C5 = a51*D1 + a52*D2 + a53*D3 + a54*D4 + a55*D5 + a56*D6 + a57*D7 + a58*D8 + a59*D9 + a5A*D10
C6 = a61*D1 + a62*D2 + a63*D3 + a64*D4 + a65*D5 + a66*D6 + a67*D7 + a68*D8 + a69*D9 + a6A*D10
C7 = a71*D1 + a72*D2 + a73*D3 + a74*D4 + a75*D5 + a76*D6 + a77*D7 + a78*D8 + a79*D9 + a7A*D10
C8 = a81*D1 + a82*D2 + a83*D3 + a84*D4 + a85*D5 + a86*D6 + a87*D7 + a88*D8 + a89*D9 + a8A*D10
C9 = a91*D1 + a92*D2 + a93*D3 + a94*D4 + a95*D5 + a96*D6 + a97*D7 + a98*D8 + a99*D9 + a9A*D10

For each of the 36 populations, we'll have these 9 equations where C1 through C9 are the ancestral component percentages of that population in Harappa Project and D1 through D10 are the ancestral percentages in Dodecad Project.

The unknowns are the coefficients "a". They are 90 unknowns. Since we have 36 populations, the number of equations is 36*9=324. Therefore, this is an overdetermined system of linear equations and we can find a least squares solution to it.

Here is the solution:

D1 W Asian D2 NW African D3 S Euro D4 NE Asian D5 SW Asian D6 E Asian D7 N Euro D8 W African D9 E African D10 S Asian
C1 S Asian 0 0 0 0 0 0 0 0 0 0.92
C2 Kalash 0.54 0 -0.05 0.12 0.07 0 0.2 0 0 0.1
C3 SW Asian 0.46 0.56 0.44 0 0.9 0 -0.09 0 0.09 -0.07
C4 SE Asian 0 0 0 0 0 0.6 0 0 0 0
C5 Euro 0 0.19 0.6 0.05 -0.05 0 0.88 0 0 0
C6 Papuan 0 0 0 0 0 0 0 0 0 0
C7 NE Asian 0 0 0 0.85 0 0.4 0 0 0 0
C8 W African 0 0.12 0 0 0 0 0 1 0 0
C9 E African 0 0.12 0 0 0.05 0 0 0 0.89 0

Don't take the exact values to heart but this shows the general relationship between the Dodecad and Harappa (K=9) ancestral components.
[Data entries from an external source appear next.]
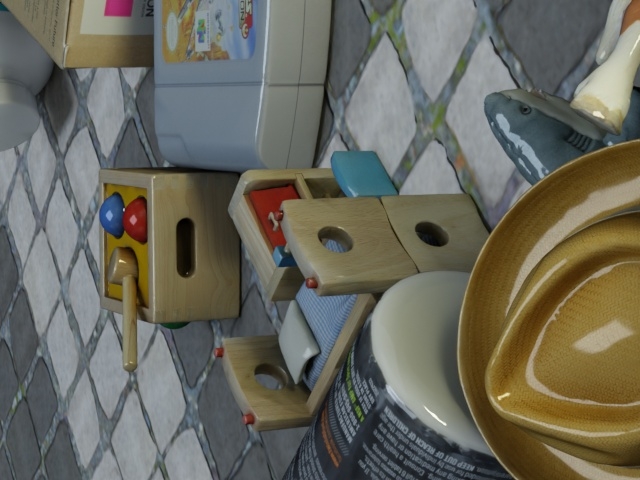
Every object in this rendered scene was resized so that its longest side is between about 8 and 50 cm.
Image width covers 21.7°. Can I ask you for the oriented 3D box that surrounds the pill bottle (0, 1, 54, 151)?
[{"bbox_3d":[-0.334,-0.217,1.575,0.146,0.146,0.264,-48,51,52],"label":"pill bottle"}]

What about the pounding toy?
[{"bbox_3d":[-0.125,0.018,1.259,0.130,0.100,0.141,9,100,61],"label":"pounding toy"}]

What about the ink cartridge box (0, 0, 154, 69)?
[{"bbox_3d":[-0.192,-0.281,1.370,0.193,0.088,0.235,45,130,49],"label":"ink cartridge box"}]

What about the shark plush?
[{"bbox_3d":[0.129,-0.002,0.828,0.073,0.067,0.161,-33,63,57],"label":"shark plush"}]

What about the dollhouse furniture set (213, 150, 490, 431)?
[{"bbox_3d":[0.000,0.000,1.000,0.184,0.129,0.129,63,143,37],"label":"dollhouse furniture set"}]

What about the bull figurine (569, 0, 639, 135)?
[{"bbox_3d":[0.193,-0.096,0.591,0.188,0.101,0.310,-55,10,3],"label":"bull figurine"}]

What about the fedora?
[{"bbox_3d":[0.135,0.045,0.741,0.194,0.079,0.194,1,91,32],"label":"fedora"}]

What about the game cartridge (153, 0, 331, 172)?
[{"bbox_3d":[-0.059,-0.197,1.174,0.198,0.062,0.297,-171,80,-65],"label":"game cartridge"}]

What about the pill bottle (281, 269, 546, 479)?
[{"bbox_3d":[0.046,0.142,0.928,0.130,0.130,0.246,64,144,36],"label":"pill bottle"}]

The South Asian components are about the same in both projects.

The Kalash component is a mix but is primarily Dodecad West Asian.

The Harappa Southwest Asian has contributions from Northwest African, West Asian and South European in addition to the Dodecad West Asian component.

The Southeast Asian component corresponds partially to the Dodecad East Asian component.

The Harappa European component is more Dodecad North European than South European.

If enough Harappa-Dodecad participants are willing to let me know their IDs for both projects, I can do a similar analysis using individual data.

Reference I Admixture Analysis K=10-12

A week later, some more Admixture analysis of Reference I dataset.

As usual, the results are available in a spreadsheet, which is also listed on my sidebar.

Let's start with K=10.

Admixture: Reference I populations K=10

C1 South Asian C2 Kalash
C3 Southwest Asian C4 Southeast Asian
C5 European C6 Papuan
C7 Northeast Asian C8 Siberian
C9 West African C10 East African

The addition here is basically of the Siberian component which is highest among the Yakut.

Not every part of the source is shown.